6. It can be seen from the above definition that any adjudication from which an appeal lies as an appeal from an order, or any order of dismissal for default would stand excluded from the connotation of a decree. I have referred to this provision in the Code just to clarify that while judicial colloduialism may often refer to an order for costs, it is really part and parcel of the decree passed by the Court. A direction for costs in a decree is really a decree for costs. Wherever a decree is passed as respects costs, it is an inextricable part of that decree. The law seems to be that where an appeal is taken from a part of the decree alone still the appellate decree would be one in which the whole of the decree appealed against would clearly merge In such cases there cannot be a merger in part and no merger for the rest. I was referred to a Division Bench ruling of this Court in Kunjarnmal v. Krishna Chettiar : AIR1954Mad170 . In which it was laid down that when a decree is taken in appeal to a higher Court the decree passed in appeal supersedes that of the Court below and becomes the decree in the suit itself and thereafter that is the only decree which is capable of execution and the period of limitation for execution would run from the date of the appellate Court decree. The learned Judge further proceeded to hold that it makes no difference whether the person against whom execution is sought is a party to the appeal or not, any more than whether the appeal related to the entire subject-matter of the suit or only to a part thereof, on the principle that there could be only one decree in the suit, and the decree capable of execution is only the decree passed in appeal.

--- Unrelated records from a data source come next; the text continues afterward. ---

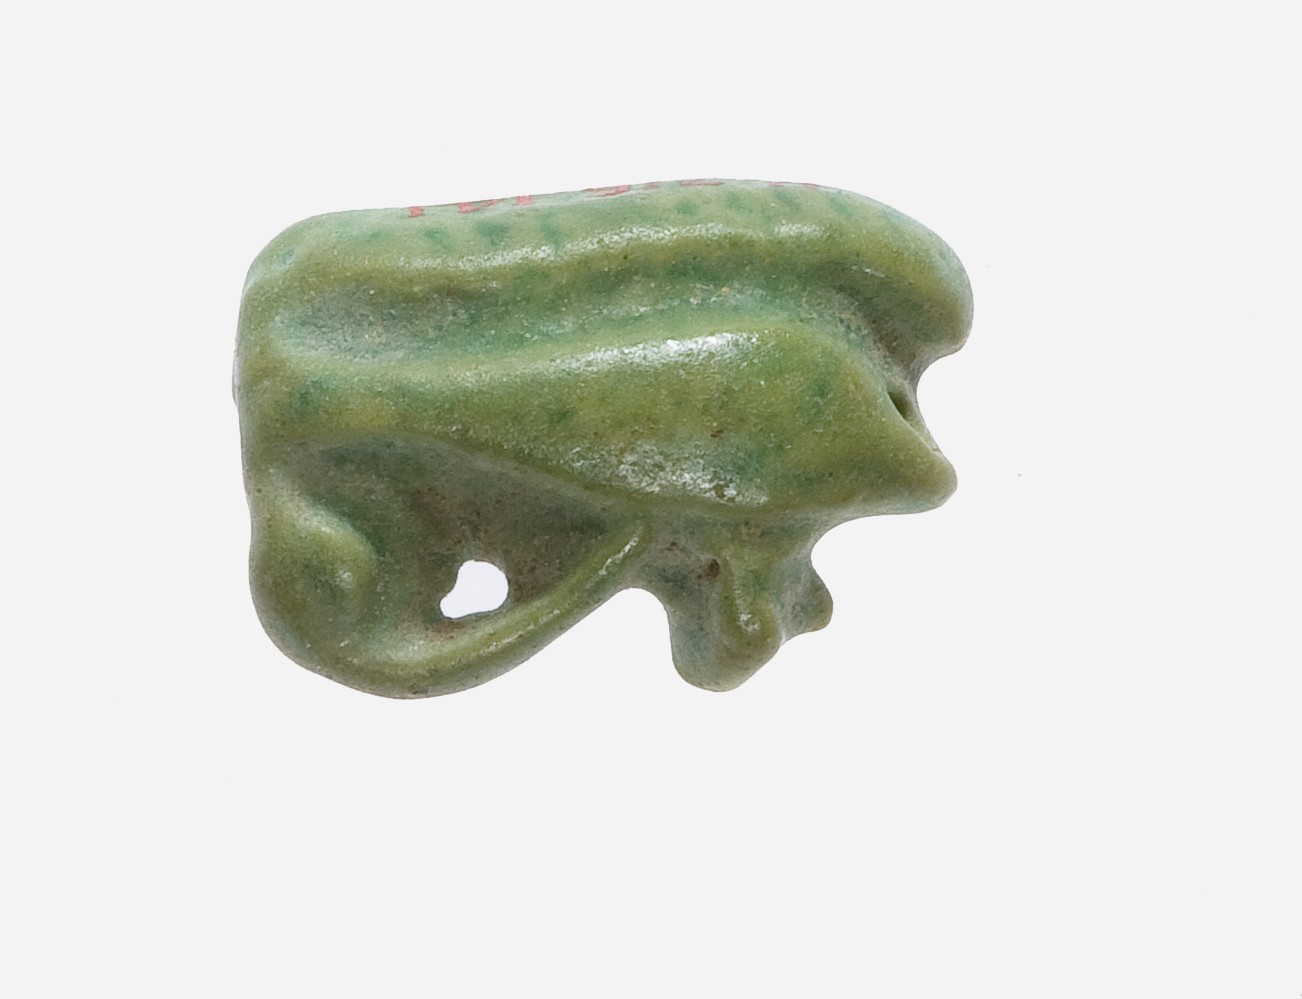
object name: amulet, wedjat eye
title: Wedjat Eye Amulet
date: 1390-1352 BCE
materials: faience
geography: egypt

7. In my view, principle in the above decision would apply even in a case where that which is executed is only that part of the decree as to costs and where the decree for costs as such had not been part of the subject-matter of the appellate decree.
8. The learned Counsel for the petitioner also cited a decision in S.P. Choudhury v. S.C. and Company : AIR1976Cal122 . The head-note to that case sums up the decision with reference to the facts of that case as under:
Where a decree for costs passed by the trial Court on 1st May, 1959, was affirmed by the appellate Court with some modification on 7th June, 1962 an application for execution of the decree for costs of the appeal Court filed on 2nd May, 1972 is not barred by limitation under Article 136. The decree of the trial Court dated 1st May, 1959, has merged in the decree of the appeal court dated 7th June, 1962 and the starting point of limitation for application for execution of the decree for costs is the date of the appeal Court decree and not the date of the trial Court decree.
9. In view of the above considerations, I hold that the order of the learned Subordinate Judge dismissing E.P. No. 85 of 1977 in limine on the ground that it was barred by limitation is erroneous in point of law and has to be set aside. I accordingly set aside that order and send the case back to the learned Subordinate Judge for disposal on its merits. The Civil Revision Petition is accordingly ordered. But there will be no order as to costs.